Data items =
########################################

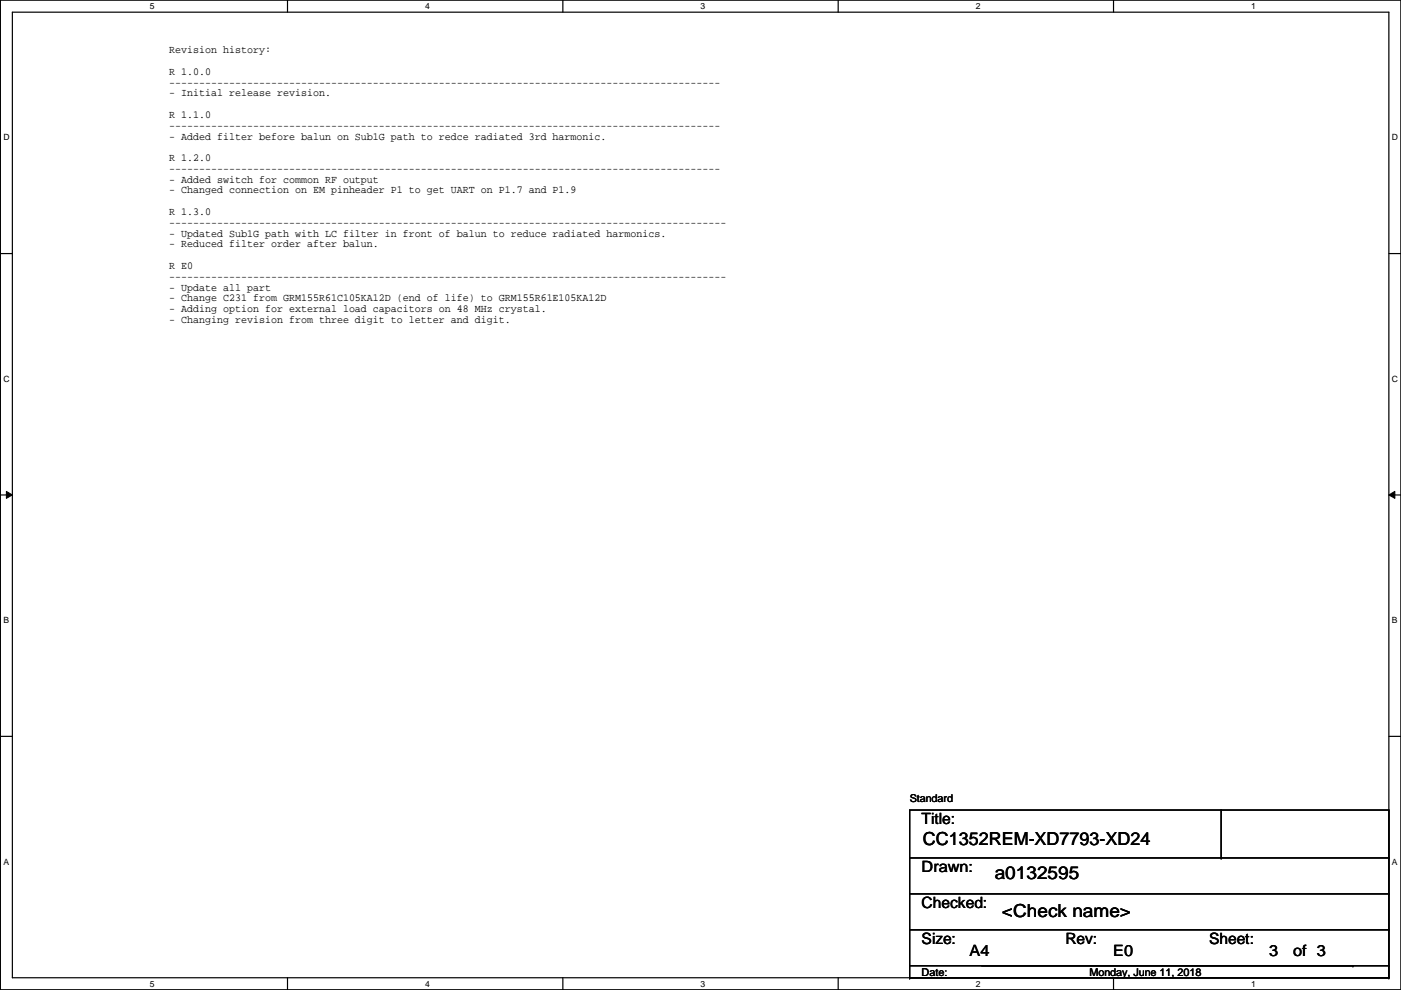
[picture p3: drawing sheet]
<svg xmlns="http://www.w3.org/2000/svg" width="297mm" height="210mm" viewBox="0 0 297 210" stroke-linecap="round" stroke-linejoin="round" font-family="sans-serif">
<defs><g id="words">
<g font-size="3.8">
<text x="195.7" y="179.2">CC1352REM-XD7793-XD24</text>
<text x="210.9" y="186.3">a0132595</text>
<text x="212.4" y="194.4">&lt;Check name&gt;</text>
</g>
<g font-size="3.3">
<text x="195.4" y="174.7">Title:</text>
<text x="195.4" y="184.9">Drawn:</text>
<text x="195.4" y="192.5">Checked:</text>
<text x="195.4" y="200.1">Size:</text>
<text x="205.6" y="202.6">A4</text>
<text x="225.9" y="200.1">Rev:</text>
<text x="236" y="202.6">E0</text>
<text x="256.4" y="200.1">Sheet:</text>
<text x="269.1" y="202.6">3</text>
<text x="274.1" y="202.6">of 3</text>
</g>
<g font-size="2.3">
<text x="35.9" y="11.3">Revision history:</text>
<text x="35.9" y="15.9">R 1.0.0</text>
<text x="35.9" y="18.2">--------------------------------------------------------------------------------------------</text>
<text x="35.9" y="20.4">- Initial release revision.</text>
<text x="35.9" y="25">R 1.1.0</text>
<text x="35.9" y="27.3">--------------------------------------------------------------------------------------------</text>
<text x="35.9" y="29.6">- Added filter before balun on Sub1G path to redce radiated 3rd harmonic.</text>
<text x="35.9" y="34.2">R 1.2.0</text>
<text x="35.9" y="36.4">--------------------------------------------------------------------------------------------</text>
<text x="35.9" y="38.7">- Added switch for common RF output</text>
<text x="35.9" y="41">- Changed connection on EM pinheader P1 to get UART on P1.7 and P1.9</text>
<text x="35.9" y="45.6">R 1.3.0</text>
<text x="35.9" y="47.9">---------------------------------------------------------------------------------------------</text>
<text x="35.9" y="50.2">- Updated Sub1G path with LC filter in front of balun to reduce radiated harmonics.</text>
<text x="35.9" y="52.5">- Reduced filter order after balun.</text>
<text x="35.9" y="57">R E0</text>
<text x="35.9" y="59.3">---------------------------------------------------------------------------------------------</text>
<text x="35.9" y="61.6">- Update all part</text>
<text x="35.9" y="63.9">- Change C231 from GRM155R61C105KA12D (end of life) to GRM155R61E105KA12D</text>
<text x="35.9" y="66.2">- Adding option for external load capacitors on 48 MHz crystal.</text>
<text x="35.9" y="68.5">- Changing revision from three digit to letter and digit.</text>
<text x="192.9" y="170">Standard</text>
<text x="195.4" y="206.8">Date:</text>
<text x="231" y="206.8">Monday, June 11, 2018</text>
</g>
<g font-size="1.8">
<text x="31.8" y="1.9">5</text>
<text x="90.1" y="1.9">4</text>
<text x="148.5" y="1.9">3</text>
<text x="206.9" y="1.9">2</text>
<text x="265.3" y="1.9">1</text>
<text x=".7" y="29.8">D</text>
<text x="295.1" y="29.8">D</text>
<text x=".7" y="80.9">C</text>
<text x="295.1" y="80.9">C</text>
<text x=".7" y="132.1">B</text>
<text x="295.1" y="132.1">B</text>
<text x=".7" y="183.3">A</text>
<text x="295.1" y="183.3">A</text>
<text x="31.8" y="209.2">5</text>
<text x="90.1" y="209.2">4</text>
<text x="148.5" y="209.2">3</text>
<text x="206.9" y="209.2">2</text>
<text x="265.3" y="209.2">1</text>
</g>
</g></defs>
<path d="M.1 0h296.9v209.8h-296.9zM2.6 2.6h291.9v204.7h-291.9z" fill="none" stroke="#000" stroke-width=".25"/>
<g fill="#fff">
<path d="M31.8 .3h1v2h-1z"/>
<path d="M31.8 207.6h1v1.9h-1z"/>
</g>
<path d="M61 0v2.6M61 207.3v2.5" fill="none" stroke="#000" stroke-width=".25"/>
<g fill="#fff">
<path d="M90.1 .3h1v2h-1z"/>
<path d="M90.1 207.6h1v1.9h-1z"/>
</g>
<path d="M119.3 0v2.6M119.3 207.3v2.5" fill="none" stroke="#000" stroke-width=".25"/>
<g fill="#fff">
<path d="M148.5 .3h1v2h-1z"/>
<path d="M148.5 207.6h1v1.9h-1z"/>
</g>
<path d="M177.7 0v2.6M177.7 207.3v2.5" fill="none" stroke="#000" stroke-width=".25"/>
<g fill="#fff">
<path d="M206.9 .3h1v2h-1z"/>
<path d="M206.9 207.6h1v1.9h-1z"/>
</g>
<path d="M236.1 0v2.6M236.1 207.3v2.5" fill="none" stroke="#000" stroke-width=".25"/>
<g fill="#fff">
<path d="M265.3 .3h.9v2h-.9z"/>
<path d="M265.3 207.6h.9v1.9h-.9z"/>
<path d="M.7 28.2h1.3v1.9h-1.3z"/>
<path d="M295.1 28.2h1.3v1.9h-1.3z"/>
<path d="M.7 79.3h1.3v2h-1.3z"/>
<path d="M295.1 79.3h1.3v2h-1.3z"/>
</g>
<path d="M.1 53.8h2.5M294.5 53.8h2.5" fill="none" stroke="#000" stroke-width=".25"/>
<g fill="#fff">
<path d="M.7 130.5h1.2v2h-1.2z"/>
<path d="M295.1 130.5h1.2v2h-1.2z"/>
</g>
<path d="M.1 104.9h2.5M294.5 104.9h2.5" fill="none" stroke="#000" stroke-width=".25"/>
<path d="M1.4 104.2l1.2 .7-1.2 .8zM294.5 104.9l1.2-.7v1.5z" fill="#000"/>
<path d="M1.4 104.2l1.2 .7-1.2 .8zM294.5 104.9l1.2-.7v1.5z" fill="none" stroke="#000" stroke-width=".21"/>
<g fill="#fff">
<path d="M.7 181.7h1.2v2h-1.2z"/>
<path d="M295.1 181.7h1.2v2h-1.2z"/>
</g>
<g fill="none" stroke="#000" stroke-width=".25">
<path d="M.1 156.1h2.5M294.5 156.1h2.5M192.9 171.7h101.6v33.1h-101.6zM258.9 171.7v10.2M192.9 181.9h101.6M192.9 189.5h101.6M192.9 197.1h101.6M258.9 181.9h.1M294.5 181.9h.1M294.5 189.5h.1M294.5 197.1h.1M192.9 207.3h.1"/>
<path d="M192.9 204.8v2.5M192.9 207.3h101.6M208.1 204.8h78.7M286.8 204.8h.1M294.5 207.3h.1M294.5 204.8h.1M294.5 204.8v2.5"/>
</g>
<use href="#words"/>
</svg>

########################################

The copy should match the records above exactly, except that pictures are dropped.

Result of the task =
[picture p3: drawing sheet]
<svg xmlns="http://www.w3.org/2000/svg" width="297mm" height="210mm" viewBox="0 0 297 210" stroke-linecap="round" stroke-linejoin="round" font-family="sans-serif">
<defs><g id="words">
<g font-size="3.8">
<text x="195.7" y="179.2">CC1352REM-XD7793-XD24</text>
<text x="210.9" y="186.3">a0132595</text>
<text x="212.4" y="194.4">&lt;Check name&gt;</text>
</g>
<g font-size="3.3">
<text x="195.4" y="174.7">Title:</text>
<text x="195.4" y="184.9">Drawn:</text>
<text x="195.4" y="192.5">Checked:</text>
<text x="195.4" y="200.1">Size:</text>
<text x="205.6" y="202.6">A4</text>
<text x="225.9" y="200.1">Rev:</text>
<text x="236" y="202.6">E0</text>
<text x="256.4" y="200.1">Sheet:</text>
<text x="269.1" y="202.6">3</text>
<text x="274.1" y="202.6">of 3</text>
</g>
<g font-size="2.3">
<text x="35.9" y="11.3">Revision history:</text>
<text x="35.9" y="15.9">R 1.0.0</text>
<text x="35.9" y="18.2">--------------------------------------------------------------------------------------------</text>
<text x="35.9" y="20.4">- Initial release revision.</text>
<text x="35.9" y="25">R 1.1.0</text>
<text x="35.9" y="27.3">--------------------------------------------------------------------------------------------</text>
<text x="35.9" y="29.6">- Added filter before balun on Sub1G path to redce radiated 3rd harmonic.</text>
<text x="35.9" y="34.2">R 1.2.0</text>
<text x="35.9" y="36.4">--------------------------------------------------------------------------------------------</text>
<text x="35.9" y="38.7">- Added switch for common RF output</text>
<text x="35.9" y="41">- Changed connection on EM pinheader P1 to get UART on P1.7 and P1.9</text>
<text x="35.9" y="45.6">R 1.3.0</text>
<text x="35.9" y="47.9">---------------------------------------------------------------------------------------------</text>
<text x="35.9" y="50.2">- Updated Sub1G path with LC filter in front of balun to reduce radiated harmonics.</text>
<text x="35.9" y="52.5">- Reduced filter order after balun.</text>
<text x="35.9" y="57">R E0</text>
<text x="35.9" y="59.3">---------------------------------------------------------------------------------------------</text>
<text x="35.9" y="61.6">- Update all part</text>
<text x="35.9" y="63.9">- Change C231 from GRM155R61C105KA12D (end of life) to GRM155R61E105KA12D</text>
<text x="35.9" y="66.2">- Adding option for external load capacitors on 48 MHz crystal.</text>
<text x="35.9" y="68.5">- Changing revision from three digit to letter and digit.</text>
<text x="192.9" y="170">Standard</text>
<text x="195.4" y="206.8">Date:</text>
<text x="231" y="206.8">Monday, June 11, 2018</text>
</g>
<g font-size="1.8">
<text x="31.8" y="1.9">5</text>
<text x="90.1" y="1.9">4</text>
<text x="148.5" y="1.9">3</text>
<text x="206.9" y="1.9">2</text>
<text x="265.3" y="1.9">1</text>
<text x=".7" y="29.8">D</text>
<text x="295.1" y="29.8">D</text>
<text x=".7" y="80.9">C</text>
<text x="295.1" y="80.9">C</text>
<text x=".7" y="132.1">B</text>
<text x="295.1" y="132.1">B</text>
<text x=".7" y="183.3">A</text>
<text x="295.1" y="183.3">A</text>
<text x="31.8" y="209.2">5</text>
<text x="90.1" y="209.2">4</text>
<text x="148.5" y="209.2">3</text>
<text x="206.9" y="209.2">2</text>
<text x="265.3" y="209.2">1</text>
</g>
</g></defs>
<path d="M.1 0h296.9v209.8h-296.9zM2.6 2.6h291.9v204.7h-291.9z" fill="none" stroke="#000" stroke-width=".25"/>
<g fill="#fff">
<path d="M31.8 .3h1v2h-1z"/>
<path d="M31.8 207.6h1v1.9h-1z"/>
</g>
<path d="M61 0v2.6M61 207.3v2.5" fill="none" stroke="#000" stroke-width=".25"/>
<g fill="#fff">
<path d="M90.1 .3h1v2h-1z"/>
<path d="M90.1 207.6h1v1.9h-1z"/>
</g>
<path d="M119.3 0v2.6M119.3 207.3v2.5" fill="none" stroke="#000" stroke-width=".25"/>
<g fill="#fff">
<path d="M148.5 .3h1v2h-1z"/>
<path d="M148.5 207.6h1v1.9h-1z"/>
</g>
<path d="M177.7 0v2.6M177.7 207.3v2.5" fill="none" stroke="#000" stroke-width=".25"/>
<g fill="#fff">
<path d="M206.9 .3h1v2h-1z"/>
<path d="M206.9 207.6h1v1.9h-1z"/>
</g>
<path d="M236.1 0v2.6M236.1 207.3v2.5" fill="none" stroke="#000" stroke-width=".25"/>
<g fill="#fff">
<path d="M265.3 .3h.9v2h-.9z"/>
<path d="M265.3 207.6h.9v1.9h-.9z"/>
<path d="M.7 28.2h1.3v1.9h-1.3z"/>
<path d="M295.1 28.2h1.3v1.9h-1.3z"/>
<path d="M.7 79.3h1.3v2h-1.3z"/>
<path d="M295.1 79.3h1.3v2h-1.3z"/>
</g>
<path d="M.1 53.8h2.5M294.5 53.8h2.5" fill="none" stroke="#000" stroke-width=".25"/>
<g fill="#fff">
<path d="M.7 130.5h1.2v2h-1.2z"/>
<path d="M295.1 130.5h1.2v2h-1.2z"/>
</g>
<path d="M.1 104.9h2.5M294.5 104.9h2.5" fill="none" stroke="#000" stroke-width=".25"/>
<path d="M1.4 104.2l1.2 .7-1.2 .8zM294.5 104.9l1.2-.7v1.5z" fill="#000"/>
<path d="M1.4 104.2l1.2 .7-1.2 .8zM294.5 104.9l1.2-.7v1.5z" fill="none" stroke="#000" stroke-width=".21"/>
<g fill="#fff">
<path d="M.7 181.7h1.2v2h-1.2z"/>
<path d="M295.1 181.7h1.2v2h-1.2z"/>
</g>
<g fill="none" stroke="#000" stroke-width=".25">
<path d="M.1 156.1h2.5M294.5 156.1h2.5M192.9 171.7h101.6v33.1h-101.6zM258.9 171.7v10.2M192.9 181.9h101.6M192.9 189.5h101.6M192.9 197.1h101.6M258.9 181.9h.1M294.5 181.9h.1M294.5 189.5h.1M294.5 197.1h.1M192.9 207.3h.1"/>
<path d="M192.9 204.8v2.5M192.9 207.3h101.6M208.1 204.8h78.7M286.8 204.8h.1M294.5 207.3h.1M294.5 204.8h.1M294.5 204.8v2.5"/>
</g>
<use href="#words"/>
</svg>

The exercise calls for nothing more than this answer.